=== DATA FOR THE TASK ===

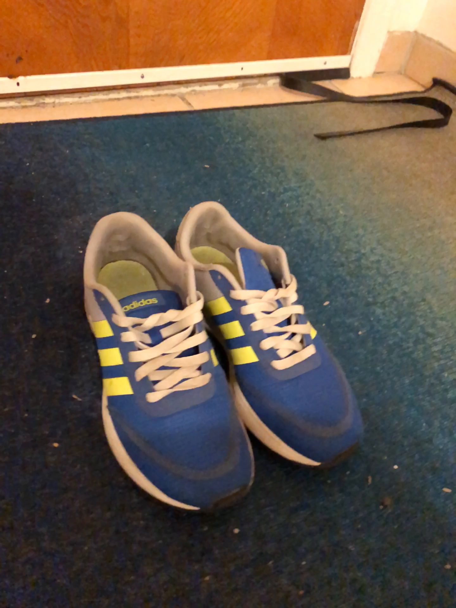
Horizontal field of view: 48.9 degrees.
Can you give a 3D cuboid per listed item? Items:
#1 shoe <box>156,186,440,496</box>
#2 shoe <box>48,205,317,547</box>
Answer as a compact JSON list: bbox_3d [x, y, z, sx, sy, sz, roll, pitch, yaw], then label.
[{"bbox_3d":[0.038,0.012,0.445,0.110,0.089,0.261,-16,50,-24],"label":"shoe"},{"bbox_3d":[-0.055,0.036,0.417,0.110,0.089,0.261,-16,50,-24],"label":"shoe"}]

===

- **TASK OBJECTIVE**
From the records above, reproduce exactly the lines from the one with "Can you give" to the one with "#2 shoe <box>48,205,317,547</box>", both included, and no others.

- **REPLY**
Can you give a 3D cuboid per listed item? Items:
#1 shoe <box>156,186,440,496</box>
#2 shoe <box>48,205,317,547</box>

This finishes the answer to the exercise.